Oh I see what you mean sorry. So I am not adding more water to the mash than would be needed. My brewing software indicates a required mash water volume of 15.36L ... so I split the 15.36 into two batches of water, one batch for the acid rest, and the other batch for the boiling water I need to add to ramp up temp. So I use 7.3L of water for the acid rest and then once the acid rest is done I add 8.06L of boiling water which makes up the required mash water volume of 15.36. This gets me to the target sacch temp.

I hope that's what you were referring to

i do deccoctions every brew, i just use my pressure cooker with the lid off to boil the mash, i don't really even need to stir it. takes like 3 or so fills to bring my 10 gallon mash up to 162 from 150. it seems to work?

Perhaps this is something I should give a go then. I'm still a noob to the brewing game so plenty to learn
 
68C is a pretty warm mash temp, normally when I do a step mash I do both a beta rest and alpha rest. At 154F you're definitely targeting your alpha rest more than beta, but that should not necessarily result in lost efficiency.

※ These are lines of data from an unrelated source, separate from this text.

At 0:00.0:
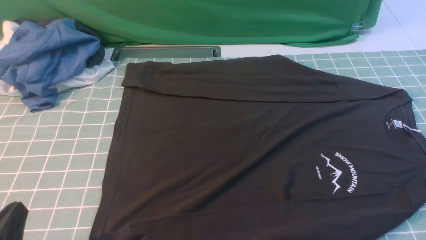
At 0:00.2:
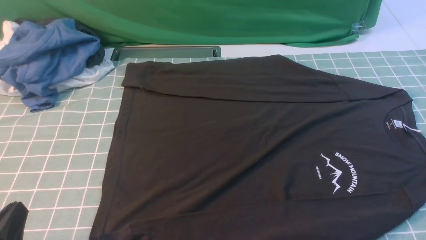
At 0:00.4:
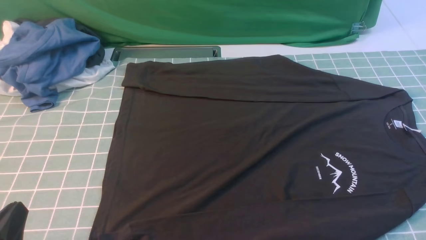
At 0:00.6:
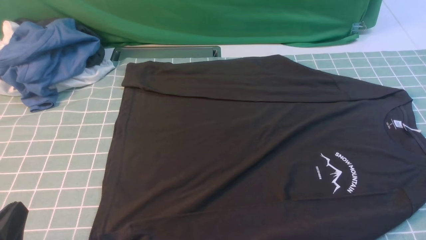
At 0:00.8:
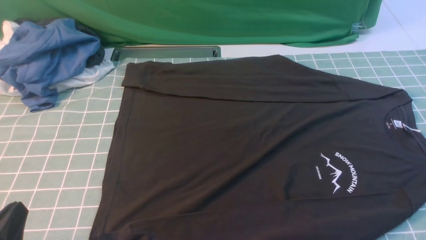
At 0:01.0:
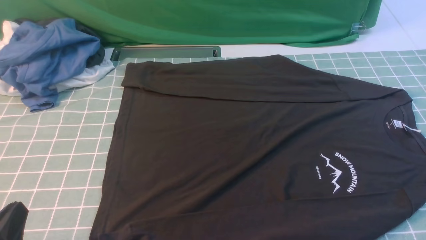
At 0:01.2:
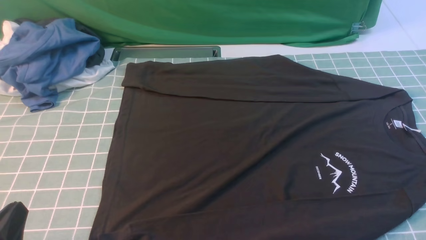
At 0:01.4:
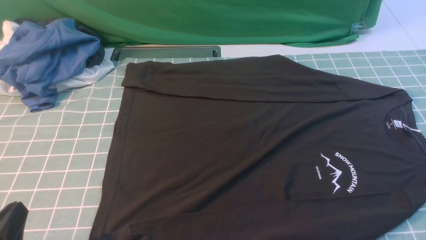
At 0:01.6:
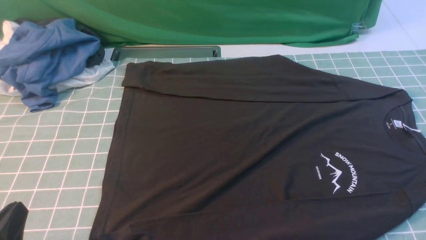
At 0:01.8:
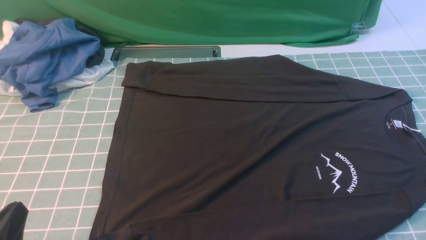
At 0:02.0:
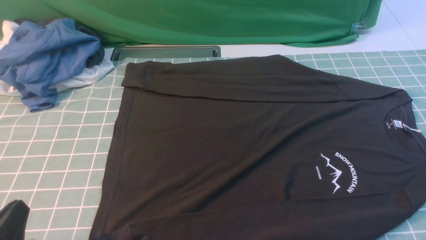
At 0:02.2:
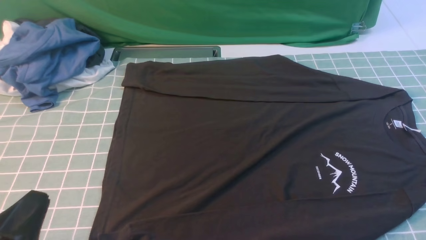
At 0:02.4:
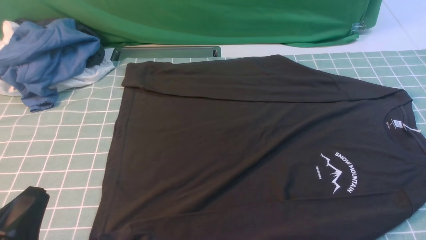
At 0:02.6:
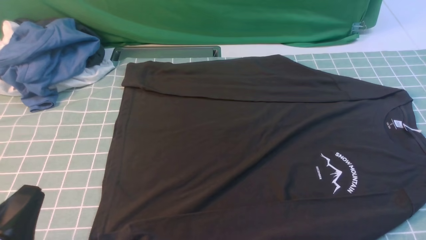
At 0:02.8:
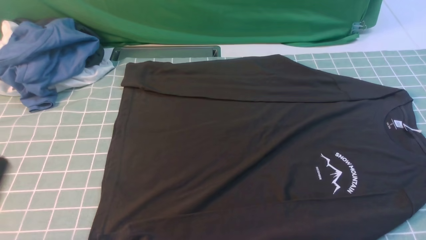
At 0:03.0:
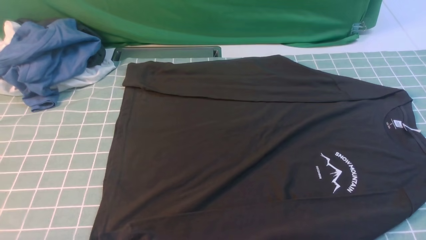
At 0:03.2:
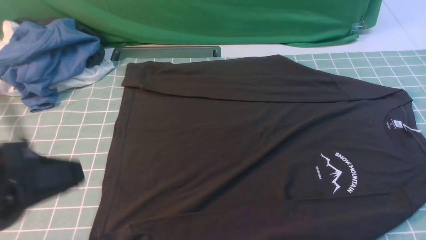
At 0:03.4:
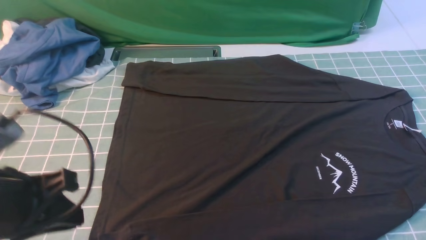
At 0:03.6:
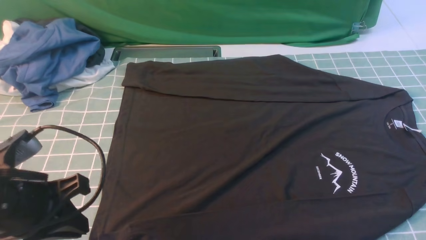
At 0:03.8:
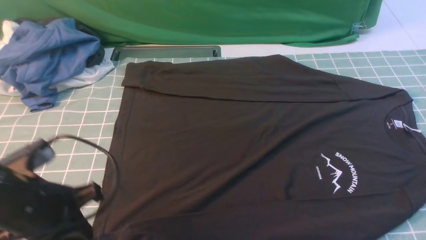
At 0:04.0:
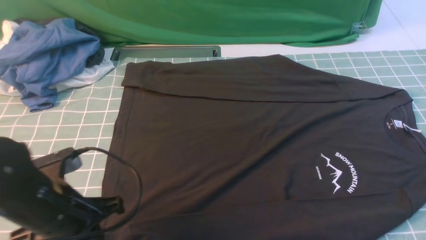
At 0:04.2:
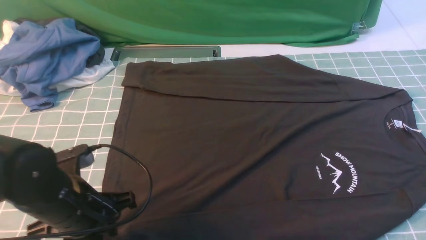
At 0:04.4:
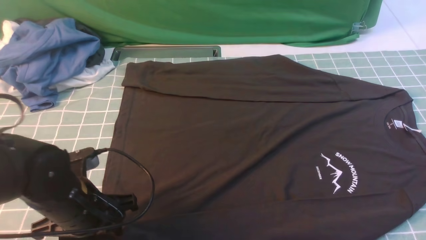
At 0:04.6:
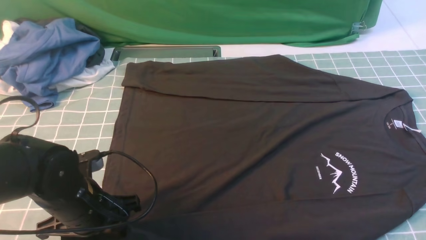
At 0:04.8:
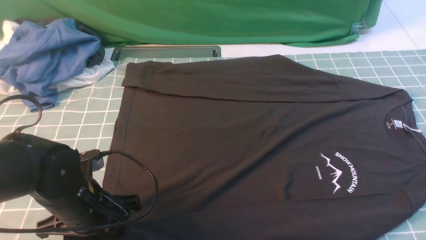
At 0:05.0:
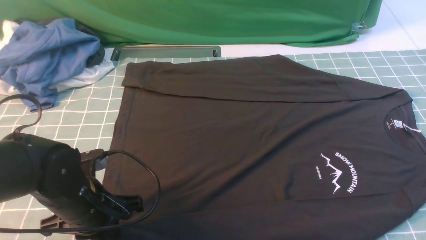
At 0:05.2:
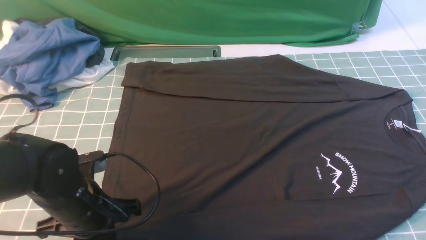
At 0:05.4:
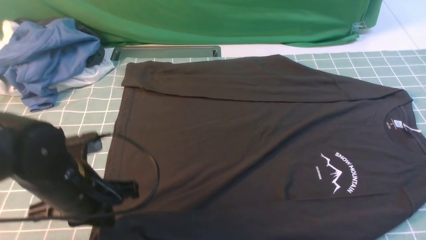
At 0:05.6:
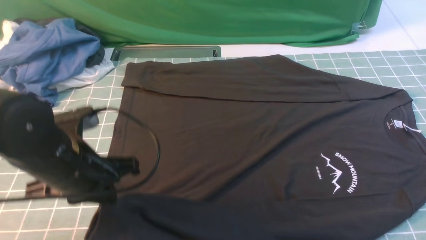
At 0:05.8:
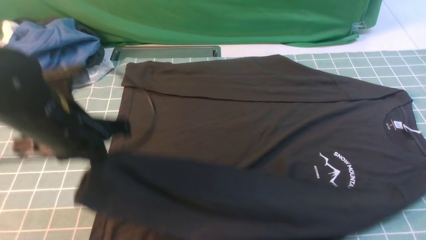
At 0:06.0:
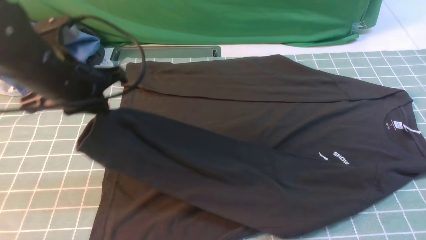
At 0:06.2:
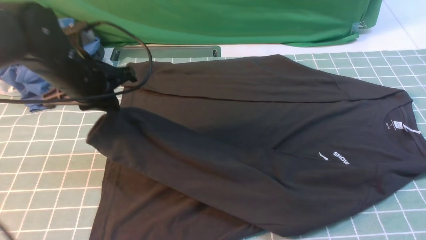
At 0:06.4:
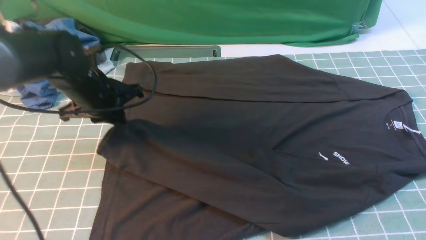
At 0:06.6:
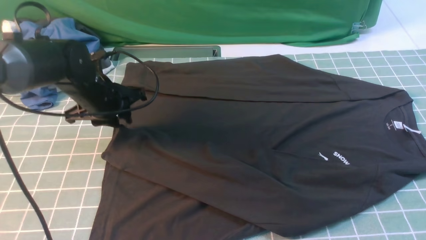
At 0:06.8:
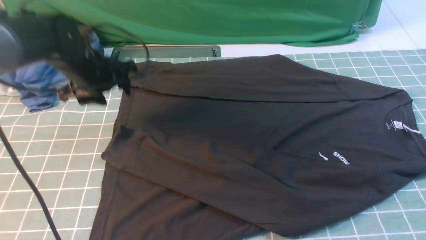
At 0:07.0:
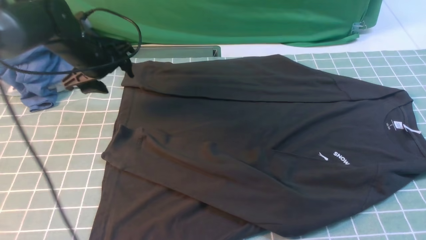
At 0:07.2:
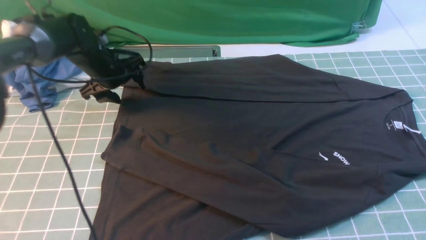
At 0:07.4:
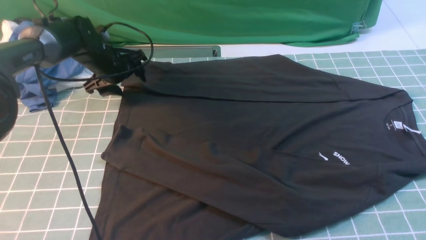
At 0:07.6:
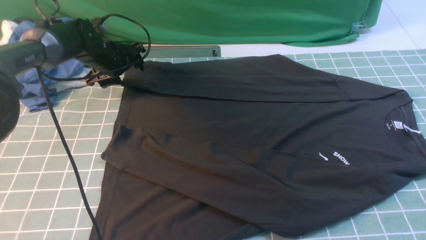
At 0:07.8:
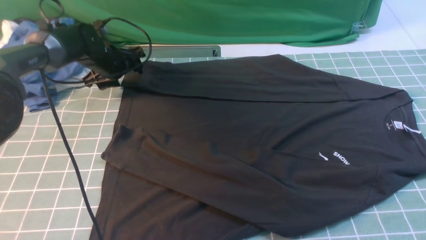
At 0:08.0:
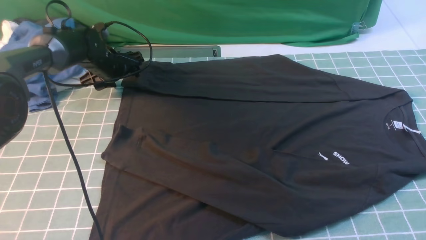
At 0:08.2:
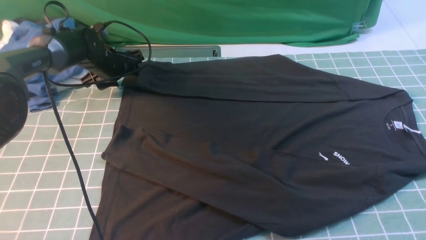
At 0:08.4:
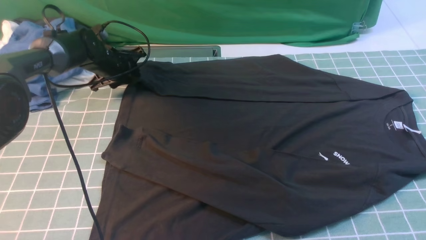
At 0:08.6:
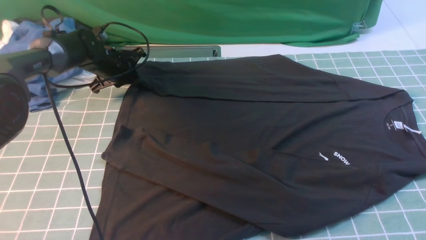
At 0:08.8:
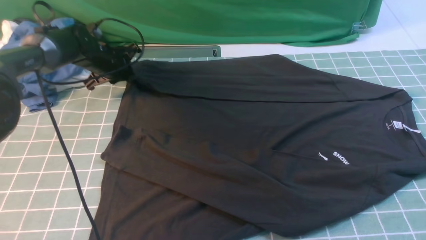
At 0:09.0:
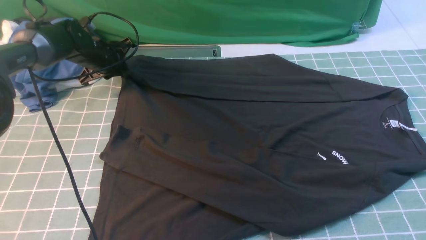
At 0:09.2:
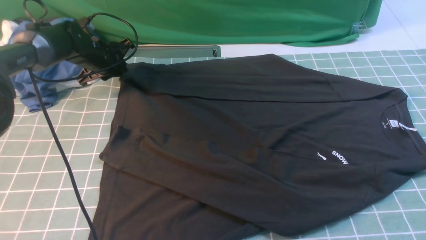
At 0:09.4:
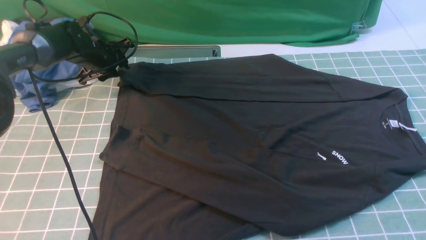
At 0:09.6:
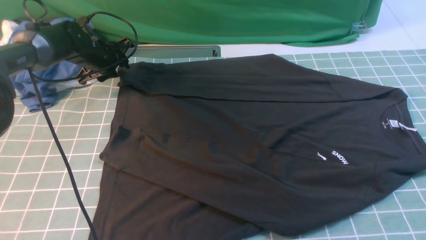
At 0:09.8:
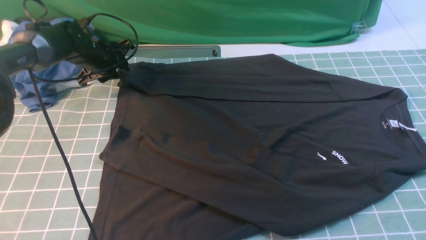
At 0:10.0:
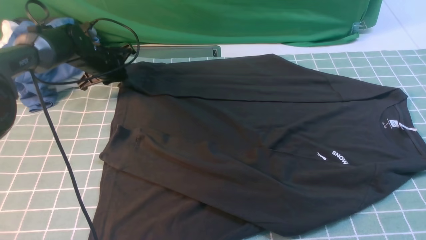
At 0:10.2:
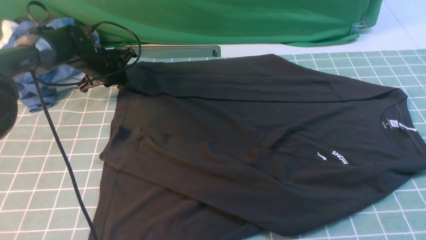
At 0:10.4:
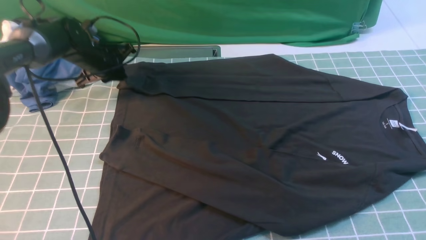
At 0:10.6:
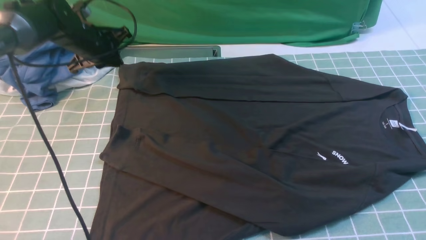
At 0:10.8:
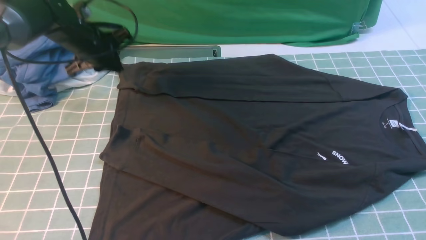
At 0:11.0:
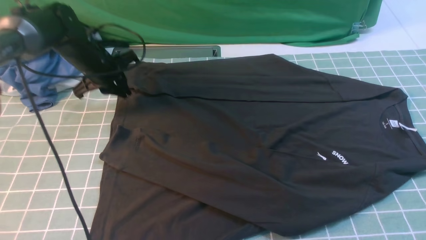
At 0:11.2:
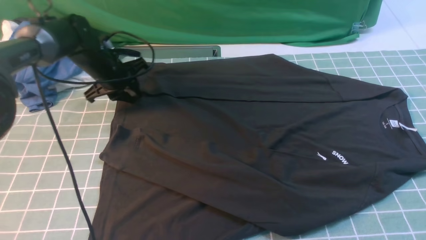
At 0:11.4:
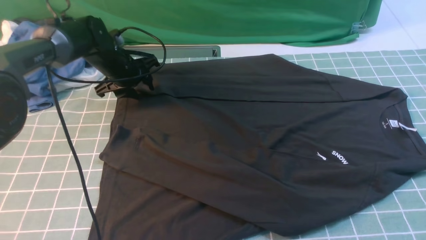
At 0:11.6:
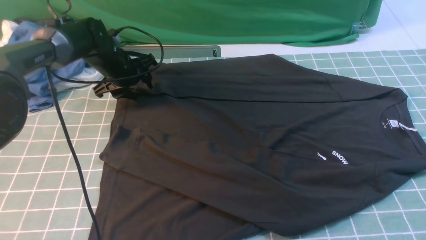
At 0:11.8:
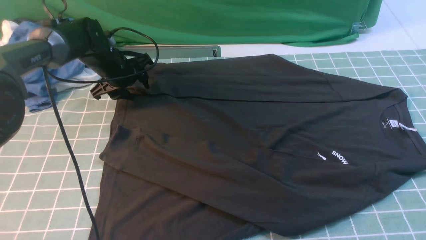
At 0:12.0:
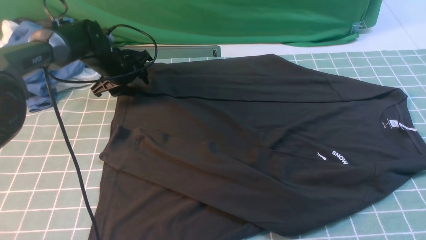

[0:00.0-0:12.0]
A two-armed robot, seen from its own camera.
Step, 0:00.0 to 0:05.2: use the left arm to clamp the cuff closest to it.
Step, 0:05.4 to 0:06.6: use the left arm to drag and place the cuff at the centered position on the left edge of the fabric.
0:00.0 to 0:01.6: Both grippers stay put.
0:01.6 to 0:03.0: The left gripper goes some 15 cm upward.
0:03.0 to 0:04.4: The right gripper travels forward by roughly 5 cm; the left gripper heads downward and forward, covering roughly 25 cm, and opens its fingers.
0:04.4 to 0:06.0: The left gripper shifts some 15 cm upward and forward, and closes its fingers.
0:06.0 to 0:07.6: The left gripper goes approximately 25 cm forward and downward, and opens up.
0:07.6 to 0:09.0: The left gripper closes its fingers.
0:09.0 to 0:10.4: The grippers make only small movements.
0:10.4 to 0:12.0: The left gripper opens its fingers.

I want to increase the FG a bit as the yeast attenuates quite a lot. That's why I go for 68
Some things to try:
-mash longer, go to 90 mins
-stir every 15 mins during the mash
-let your batch sparge sit for a little longer OR switch to a slooow fly sparge (45 mins to an hour)

Thank you for these tips. I do stir every about every 15 mins
 
Do you need to do an acid rest? What's the PH of your water when you start? We set our PH at 5.8 for light colored beers and 6.0 for dark beers due to roasted malts lowering PH more. We also set our sparge water at 5.3. Crush, mash length, PH and how modified the malt is. (Kolbach Index) can all make a difference in efficiency.
 
Do you need to do an acid rest? What's the PH of your water when you start? We set our PH at 5.8 for light colored beers and 6.0 for dark beers due to roasted malts lowering PH more. We also set our sparge water at 5.3. Crush, mash length, PH and how modified the malt is. (Kolbach Index) can all make a difference in efficiency.

Water generally doesn't have much buffering capacity, so targeting a water pH for the mash isn't usually useful. It's the mash pH that matters. What mash pHs do you get doing that?
 
The OP said ferulic acid rest so it’s for clove flavors not mash pH.

My guess is the poor efficiency is related to how you mix your boiling water for raising temperatures and there is damage being done to your enzymes.
 
Our mash pH is 5.1 - 5.3. The malt lowers it a little and we compensate for that since we start at 6.8 - 7.0. It's well water so it varies a little.